Understanding Groundhogs

What Do Groundhogs Look Like?

Groundhogs are large rodents with solid, chunky bodies covered in brownish-gray fur. Groundhogs have short tails and four legs. Their front feet have long, curved claws that are used for digging their burrows and they have four large, very obvious chisel-shaped incisors for chewing. A fully grown adult groundhog’s head and body combined can be up to about 2 feet long. A groundhog’s lifespan is about 6 years.

What's the Difference Between Groundhogs and Woodchucks?

There is no difference between a groundhog and a woodchuck, and the terms actually are interchangeable.
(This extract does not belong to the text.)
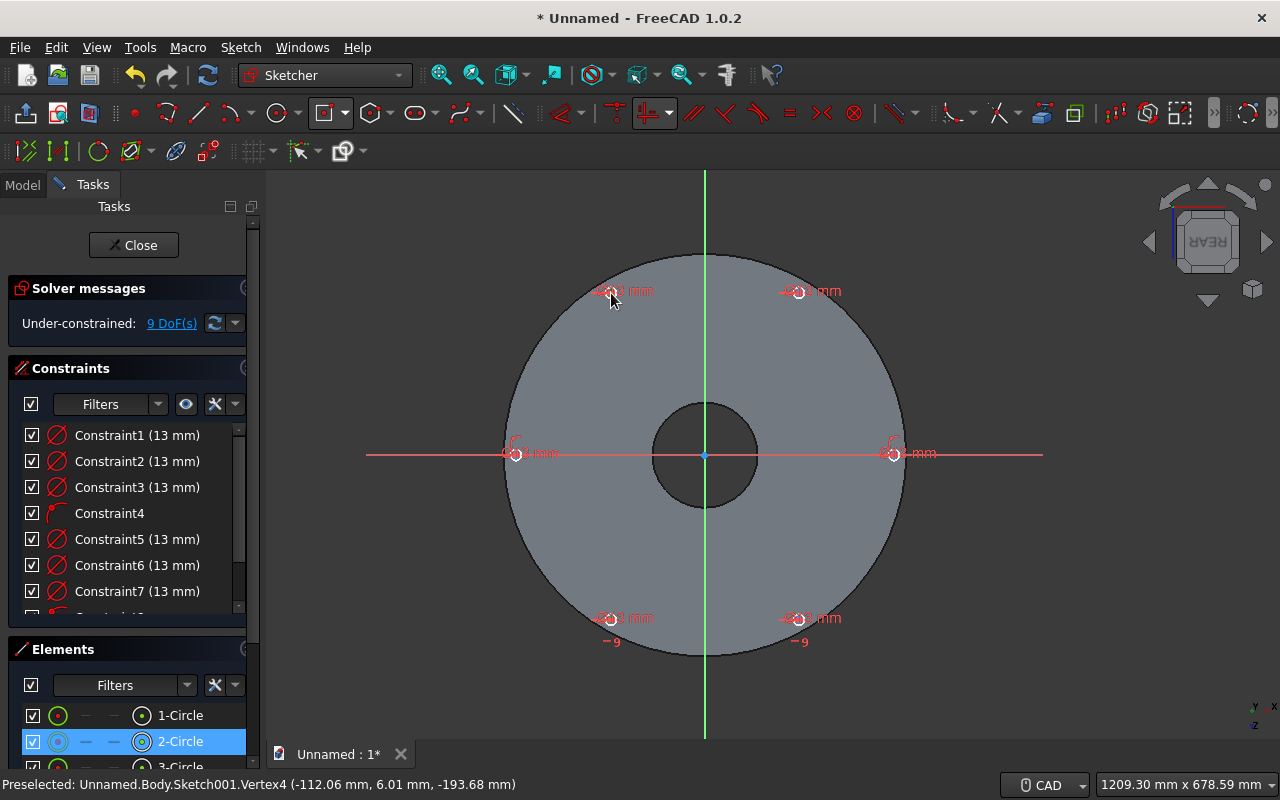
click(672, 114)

Groundhogs got their name from the Algonquin tribe of Native Americans, who originally called them “wuchak.” English settlers, in trying to use that word, likely came up with the name “woodchuck.” Groundhogs are also called whistle pigs since they emit a shrill “whistling-like” sound when they are disturbed; they may also be called forest marmots and land beavers.

Groundhog Behavior and Habitat Facts

Groundhogs construct their homes by burrowing soil along roadsides, in fields and yards, at the base of trees and around building foundations. Burrows can be as deep as five feet, usually with more than one entrance. The burrow system is where they raise their young, are sheltered from predators and the elements, and where they hibernate during cold weather. Groundhogs usually stay close to their burrow and generally don’t travel more than 150 feet away from the burrow to feed. Although groundhogs prefer to burrow under sheds or other outdoor structures, they may burrow in crawlspaces under homes.

Groundhogs not only create unsightly burrows but will eat almost any kind of plant. Their digging to create burrows and feeding on various plants usually damages lawns and landscaping. Groundhogs are herbivores and prefer tender plants, like those that are usually found in home gardens. Gardeners should be especially concerned since groundhogs like to consume garden vegetables, especially tomatoes.